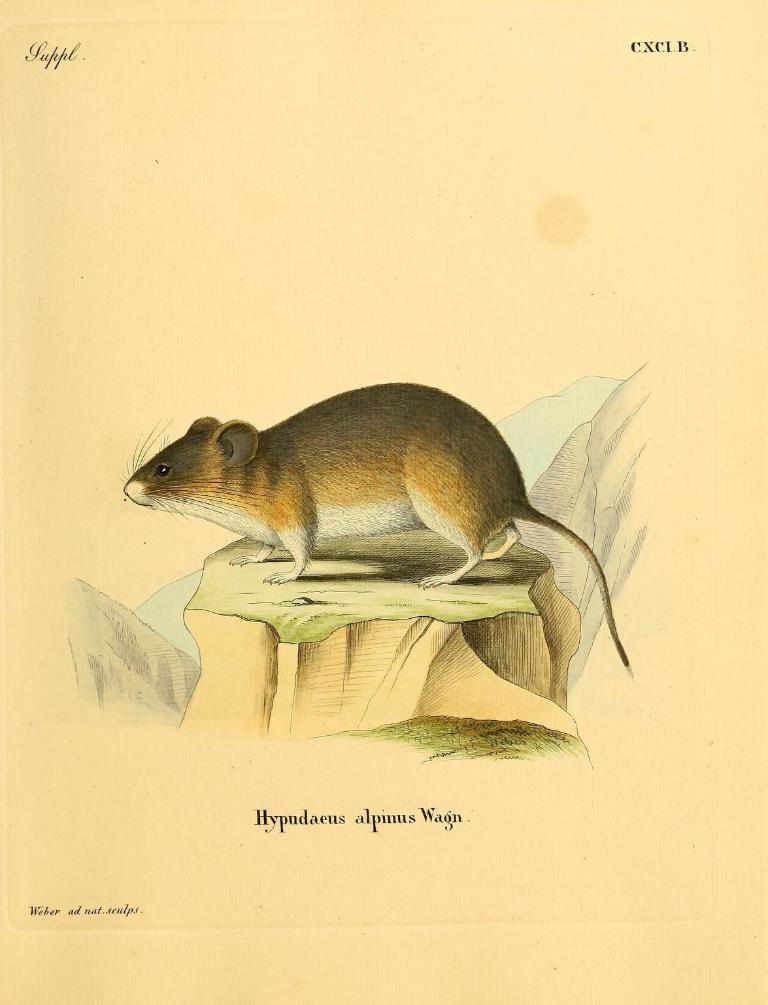Can you describe this image briefly? In this image I can see the drawing of a rat which is brown, black and cream in color is on the green and brown colored object. I can see the cream colored background. 
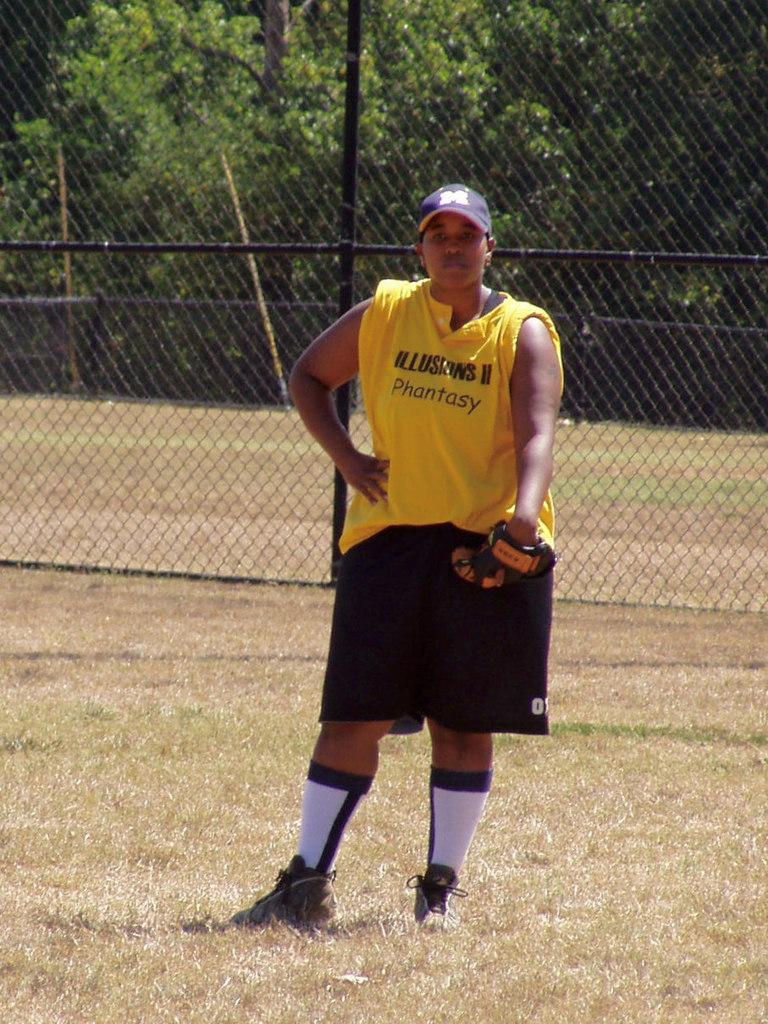<image>
Write a terse but informative summary of the picture. Girl wearing a yellow shirt which says "Phantasy" on it. 
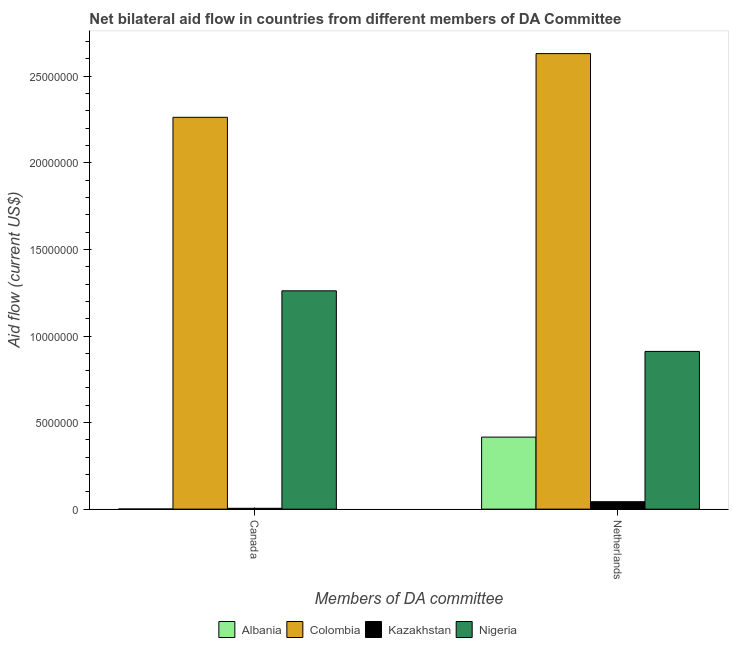How many bars are there on the 2nd tick from the left?
Offer a terse response. 4. What is the label of the 1st group of bars from the left?
Provide a succinct answer. Canada. What is the amount of aid given by netherlands in Nigeria?
Make the answer very short. 9.11e+06. Across all countries, what is the maximum amount of aid given by netherlands?
Your response must be concise. 2.63e+07. Across all countries, what is the minimum amount of aid given by netherlands?
Ensure brevity in your answer.  4.30e+05. In which country was the amount of aid given by canada maximum?
Your response must be concise. Colombia. In which country was the amount of aid given by canada minimum?
Your answer should be very brief. Albania. What is the total amount of aid given by netherlands in the graph?
Keep it short and to the point. 4.00e+07. What is the difference between the amount of aid given by netherlands in Colombia and that in Albania?
Offer a very short reply. 2.22e+07. What is the difference between the amount of aid given by canada in Nigeria and the amount of aid given by netherlands in Colombia?
Your response must be concise. -1.37e+07. What is the average amount of aid given by netherlands per country?
Make the answer very short. 1.00e+07. What is the difference between the amount of aid given by netherlands and amount of aid given by canada in Nigeria?
Offer a very short reply. -3.50e+06. In how many countries, is the amount of aid given by netherlands greater than 8000000 US$?
Give a very brief answer. 2. What is the ratio of the amount of aid given by canada in Nigeria to that in Albania?
Your answer should be very brief. 1261. Is the amount of aid given by canada in Nigeria less than that in Kazakhstan?
Make the answer very short. No. What does the 2nd bar from the right in Canada represents?
Your response must be concise. Kazakhstan. How many bars are there?
Ensure brevity in your answer.  8. Are all the bars in the graph horizontal?
Give a very brief answer. No. How many countries are there in the graph?
Give a very brief answer. 4. Does the graph contain any zero values?
Provide a short and direct response. No. Does the graph contain grids?
Ensure brevity in your answer.  No. What is the title of the graph?
Your response must be concise. Net bilateral aid flow in countries from different members of DA Committee. Does "Bhutan" appear as one of the legend labels in the graph?
Make the answer very short. No. What is the label or title of the X-axis?
Make the answer very short. Members of DA committee. What is the label or title of the Y-axis?
Your answer should be very brief. Aid flow (current US$). What is the Aid flow (current US$) of Colombia in Canada?
Your answer should be very brief. 2.26e+07. What is the Aid flow (current US$) in Nigeria in Canada?
Make the answer very short. 1.26e+07. What is the Aid flow (current US$) of Albania in Netherlands?
Your answer should be compact. 4.16e+06. What is the Aid flow (current US$) of Colombia in Netherlands?
Your answer should be very brief. 2.63e+07. What is the Aid flow (current US$) in Nigeria in Netherlands?
Keep it short and to the point. 9.11e+06. Across all Members of DA committee, what is the maximum Aid flow (current US$) in Albania?
Make the answer very short. 4.16e+06. Across all Members of DA committee, what is the maximum Aid flow (current US$) of Colombia?
Your response must be concise. 2.63e+07. Across all Members of DA committee, what is the maximum Aid flow (current US$) in Kazakhstan?
Offer a very short reply. 4.30e+05. Across all Members of DA committee, what is the maximum Aid flow (current US$) of Nigeria?
Offer a terse response. 1.26e+07. Across all Members of DA committee, what is the minimum Aid flow (current US$) of Colombia?
Provide a short and direct response. 2.26e+07. Across all Members of DA committee, what is the minimum Aid flow (current US$) in Kazakhstan?
Offer a terse response. 5.00e+04. Across all Members of DA committee, what is the minimum Aid flow (current US$) in Nigeria?
Provide a short and direct response. 9.11e+06. What is the total Aid flow (current US$) in Albania in the graph?
Ensure brevity in your answer.  4.17e+06. What is the total Aid flow (current US$) in Colombia in the graph?
Your answer should be compact. 4.89e+07. What is the total Aid flow (current US$) of Nigeria in the graph?
Give a very brief answer. 2.17e+07. What is the difference between the Aid flow (current US$) in Albania in Canada and that in Netherlands?
Keep it short and to the point. -4.15e+06. What is the difference between the Aid flow (current US$) in Colombia in Canada and that in Netherlands?
Give a very brief answer. -3.68e+06. What is the difference between the Aid flow (current US$) of Kazakhstan in Canada and that in Netherlands?
Ensure brevity in your answer.  -3.80e+05. What is the difference between the Aid flow (current US$) in Nigeria in Canada and that in Netherlands?
Give a very brief answer. 3.50e+06. What is the difference between the Aid flow (current US$) of Albania in Canada and the Aid flow (current US$) of Colombia in Netherlands?
Provide a succinct answer. -2.63e+07. What is the difference between the Aid flow (current US$) in Albania in Canada and the Aid flow (current US$) in Kazakhstan in Netherlands?
Give a very brief answer. -4.20e+05. What is the difference between the Aid flow (current US$) in Albania in Canada and the Aid flow (current US$) in Nigeria in Netherlands?
Your answer should be compact. -9.10e+06. What is the difference between the Aid flow (current US$) of Colombia in Canada and the Aid flow (current US$) of Kazakhstan in Netherlands?
Offer a very short reply. 2.22e+07. What is the difference between the Aid flow (current US$) of Colombia in Canada and the Aid flow (current US$) of Nigeria in Netherlands?
Ensure brevity in your answer.  1.35e+07. What is the difference between the Aid flow (current US$) in Kazakhstan in Canada and the Aid flow (current US$) in Nigeria in Netherlands?
Provide a succinct answer. -9.06e+06. What is the average Aid flow (current US$) of Albania per Members of DA committee?
Make the answer very short. 2.08e+06. What is the average Aid flow (current US$) of Colombia per Members of DA committee?
Ensure brevity in your answer.  2.45e+07. What is the average Aid flow (current US$) in Nigeria per Members of DA committee?
Your answer should be very brief. 1.09e+07. What is the difference between the Aid flow (current US$) of Albania and Aid flow (current US$) of Colombia in Canada?
Give a very brief answer. -2.26e+07. What is the difference between the Aid flow (current US$) of Albania and Aid flow (current US$) of Nigeria in Canada?
Your answer should be very brief. -1.26e+07. What is the difference between the Aid flow (current US$) of Colombia and Aid flow (current US$) of Kazakhstan in Canada?
Make the answer very short. 2.26e+07. What is the difference between the Aid flow (current US$) of Colombia and Aid flow (current US$) of Nigeria in Canada?
Provide a short and direct response. 1.00e+07. What is the difference between the Aid flow (current US$) of Kazakhstan and Aid flow (current US$) of Nigeria in Canada?
Your answer should be compact. -1.26e+07. What is the difference between the Aid flow (current US$) of Albania and Aid flow (current US$) of Colombia in Netherlands?
Provide a short and direct response. -2.22e+07. What is the difference between the Aid flow (current US$) in Albania and Aid flow (current US$) in Kazakhstan in Netherlands?
Make the answer very short. 3.73e+06. What is the difference between the Aid flow (current US$) in Albania and Aid flow (current US$) in Nigeria in Netherlands?
Your response must be concise. -4.95e+06. What is the difference between the Aid flow (current US$) of Colombia and Aid flow (current US$) of Kazakhstan in Netherlands?
Your response must be concise. 2.59e+07. What is the difference between the Aid flow (current US$) in Colombia and Aid flow (current US$) in Nigeria in Netherlands?
Make the answer very short. 1.72e+07. What is the difference between the Aid flow (current US$) of Kazakhstan and Aid flow (current US$) of Nigeria in Netherlands?
Keep it short and to the point. -8.68e+06. What is the ratio of the Aid flow (current US$) in Albania in Canada to that in Netherlands?
Your answer should be compact. 0. What is the ratio of the Aid flow (current US$) of Colombia in Canada to that in Netherlands?
Provide a short and direct response. 0.86. What is the ratio of the Aid flow (current US$) in Kazakhstan in Canada to that in Netherlands?
Provide a short and direct response. 0.12. What is the ratio of the Aid flow (current US$) of Nigeria in Canada to that in Netherlands?
Ensure brevity in your answer.  1.38. What is the difference between the highest and the second highest Aid flow (current US$) in Albania?
Provide a succinct answer. 4.15e+06. What is the difference between the highest and the second highest Aid flow (current US$) of Colombia?
Your answer should be compact. 3.68e+06. What is the difference between the highest and the second highest Aid flow (current US$) of Nigeria?
Offer a very short reply. 3.50e+06. What is the difference between the highest and the lowest Aid flow (current US$) of Albania?
Offer a very short reply. 4.15e+06. What is the difference between the highest and the lowest Aid flow (current US$) of Colombia?
Provide a short and direct response. 3.68e+06. What is the difference between the highest and the lowest Aid flow (current US$) of Kazakhstan?
Offer a very short reply. 3.80e+05. What is the difference between the highest and the lowest Aid flow (current US$) of Nigeria?
Your answer should be compact. 3.50e+06.

* Exercise: Given the records above, restate word for word only the lines starting at the one with "Offer a terse response. 4." and ending at the one with "Your answer should be very brief. Albania.".

* Answer area:
Offer a terse response. 4. What is the label of the 1st group of bars from the left?
Provide a succinct answer. Canada. What is the amount of aid given by netherlands in Nigeria?
Make the answer very short. 9.11e+06. Across all countries, what is the maximum amount of aid given by netherlands?
Your response must be concise. 2.63e+07. Across all countries, what is the minimum amount of aid given by netherlands?
Ensure brevity in your answer.  4.30e+05. In which country was the amount of aid given by canada maximum?
Your response must be concise. Colombia. In which country was the amount of aid given by canada minimum?
Your answer should be very brief. Albania. What is the total amount of aid given by netherlands in the graph?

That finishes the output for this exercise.